Re: Book report (it took me 16 years to read the book )

Discussion in 'Computer Support' started by Mara, Apr 10, 2008.

  1. Mara

    Mara Guest

    On Wed, 9 Apr 2008 17:47:42 -0500, "philo" <> wrote:

    >
    >
    >BOOK REPORT
    >
    >by Little Philo T. Ogden GRADE 1
    >Teacher: Mrs.

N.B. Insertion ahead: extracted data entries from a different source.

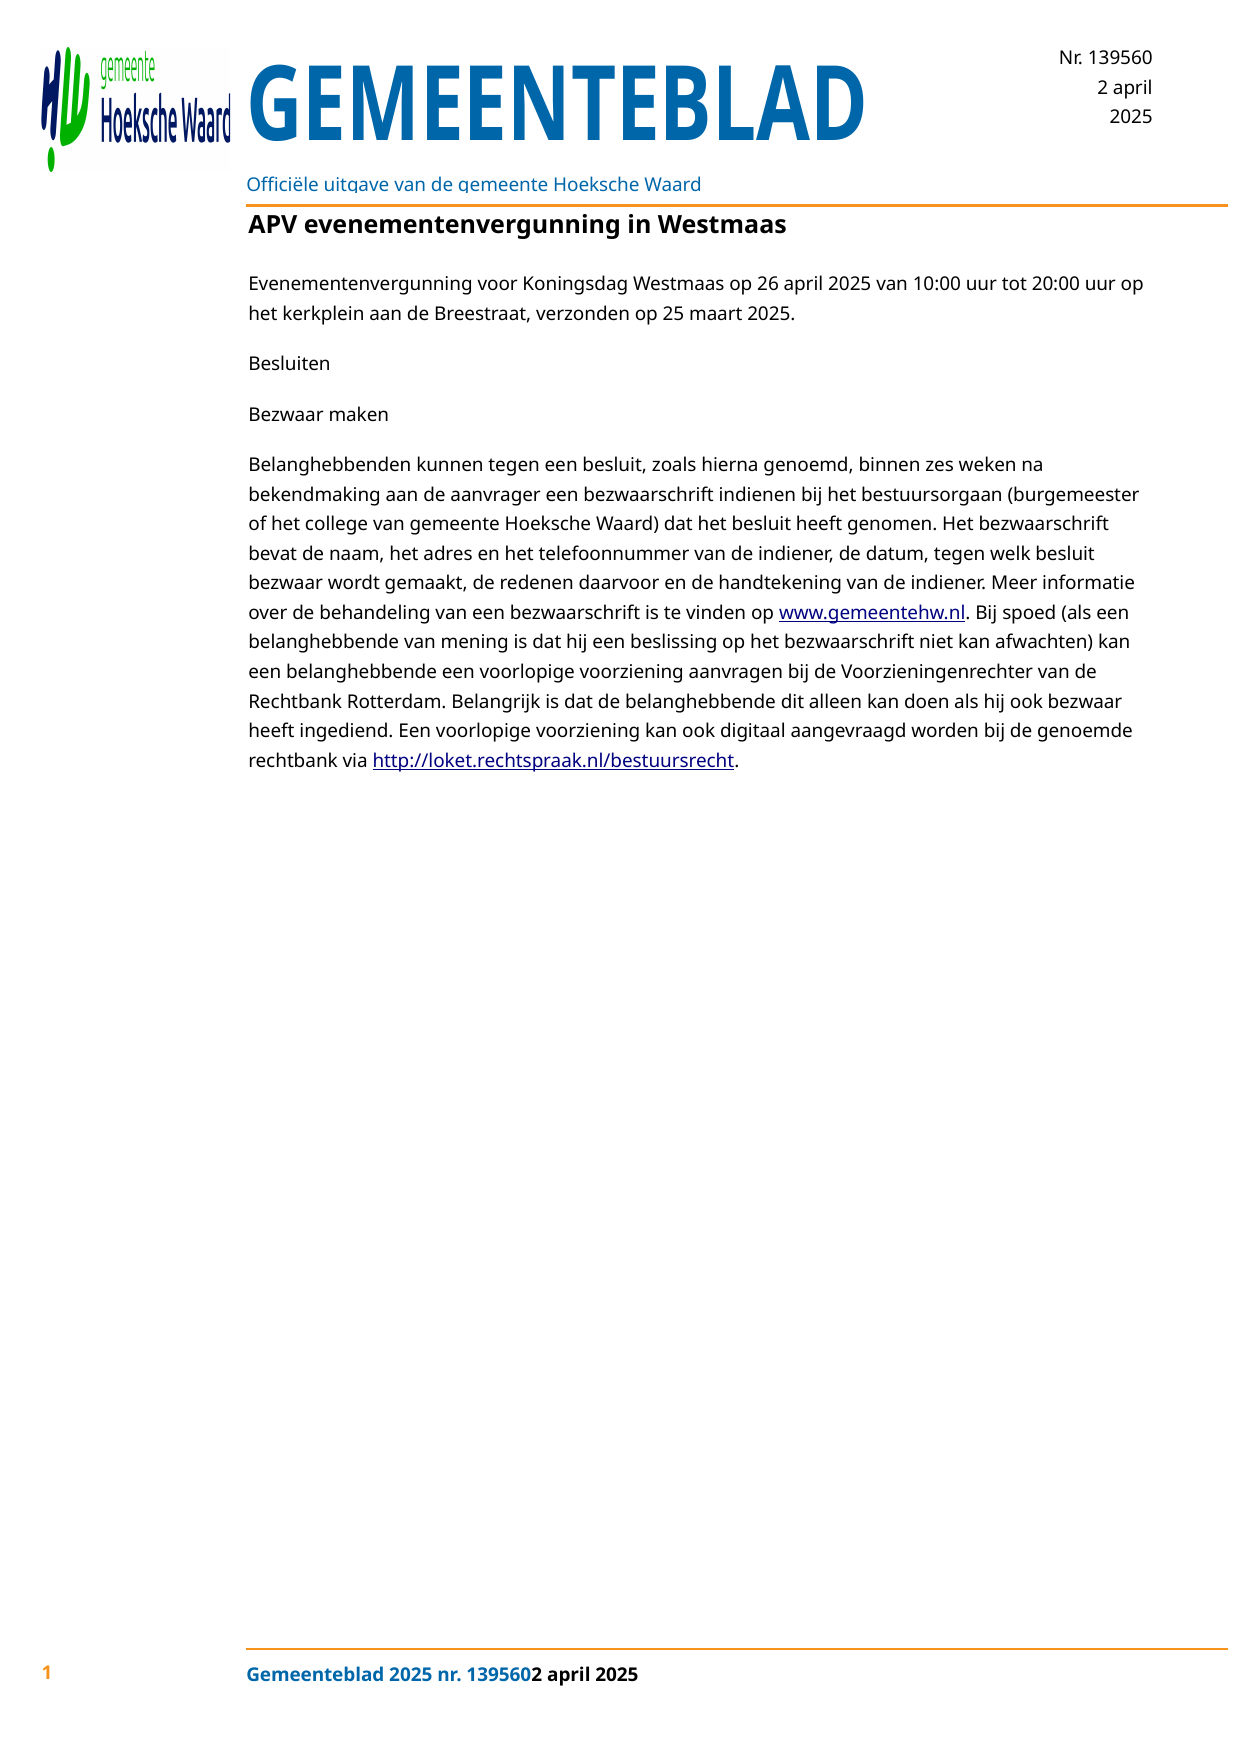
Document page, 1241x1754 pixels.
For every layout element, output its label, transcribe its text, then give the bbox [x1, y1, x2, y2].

text Bezwaar maken [248, 401, 1152, 426]
text Besluiten [248, 350, 1152, 376]
text APV evenementenvergunning in Westmaas [248, 207, 1152, 241]
picture [41, 47, 231, 172]
text Evenementenvergunning voor Koningsdag Westmaas op 26 april 2025 van 10:00 uur tot 20:00 uur op het kerkplein aan de Breestraat, verzonden op 25 maart 2025. [248, 270, 1152, 326]
text Belanghebbenden kunnen tegen een besluit, zoals hierna genoemd, binnen zes weken na bekendmaking aan de aanvrager een bezwaarschrift indienen bij het bestuursorgaan (burgemeester of het college van gemeente Hoeksche Waard) dat het besluit heeft genomen. Het bezwaarschrift bevat de naam, het adres en het telefoonnummer van de indiener, de datum, tegen welk besluit bezwaar wordt gemaakt, de redenen daarvoor en de handtekening van de indiener. Meer informatie over de behandeling van een bezwaarschrift is te vinden op www.gemeentehw.nl. Bij spoed (als een belanghebbende van mening is dat hij een beslissing op het bezwaarschrift niet kan afwachten) kan een belanghebbende een voorlopige voorziening aanvragen bij de Voorzieningenrechter van de Rechtbank Rotterdam. Belangrijk is dat de belanghebbende dit alleen kan doen als hij ook bezwaar heeft ingediend. Een voorlopige voorziening kan ook digitaal aangevraagd worden bij de genoemde rechtbank via http://loket.rechtspraak.nl/bestuursrecht. [248, 451, 1152, 773]

Setter
    >>Title of Book : Gravity's Rainbow

    >Author : Thomas Pynchon
    >
    >The book is an epistiological dialysis of the phenonomena of phreneological
    >dispensation based upon a Dionysian synthetic tautological excesiology.
    >Drawing upon the essence of the Platonical paradoxes of the Meno.
    >Pynchon poses the Modus Tolens argument for the face of war.
    >The normal vs. moribund sociological arguement microspically drawn to
    >continuum through the narrative of "Slothrop" proves to be one of the
    >most provoking Word War II discussions of the present era.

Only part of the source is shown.